→ Assigned task: From the data below, return the exact lines starting at the line containing "#1 picture/frame [81,178,97,212]" and ending at the line containing "Use one Python", both included, and nothing else.

→ Exercise materials:
------------------------------------------------------------------------

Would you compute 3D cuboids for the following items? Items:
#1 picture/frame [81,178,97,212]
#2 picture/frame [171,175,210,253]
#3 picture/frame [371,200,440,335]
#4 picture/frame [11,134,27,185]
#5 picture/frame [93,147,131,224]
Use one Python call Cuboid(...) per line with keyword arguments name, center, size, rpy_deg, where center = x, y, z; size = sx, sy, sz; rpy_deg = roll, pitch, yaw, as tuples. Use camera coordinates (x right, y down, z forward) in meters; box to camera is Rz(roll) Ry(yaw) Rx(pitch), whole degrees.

------------------------------------------------------------------------

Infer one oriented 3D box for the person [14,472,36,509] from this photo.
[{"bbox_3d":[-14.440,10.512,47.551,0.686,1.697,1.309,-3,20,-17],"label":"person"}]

------------------------------------------------------------------------

→ Your solution:
#1 picture/frame [81,178,97,212]
#2 picture/frame [171,175,210,253]
#3 picture/frame [371,200,440,335]
#4 picture/frame [11,134,27,185]
#5 picture/frame [93,147,131,224]
Use one Python call Cuboid(...) per line with keyword arguments name, center, size, rpy_deg, where center = x, y, z; size = sx, sy, sz; rpy_deg = roll, pitch, yaw, as tuples. Use camera coordinates (x right, y down, z forward) in meters; box to camera is Rz(roll) Ry(yaw) Rx(pitch), whole degrees.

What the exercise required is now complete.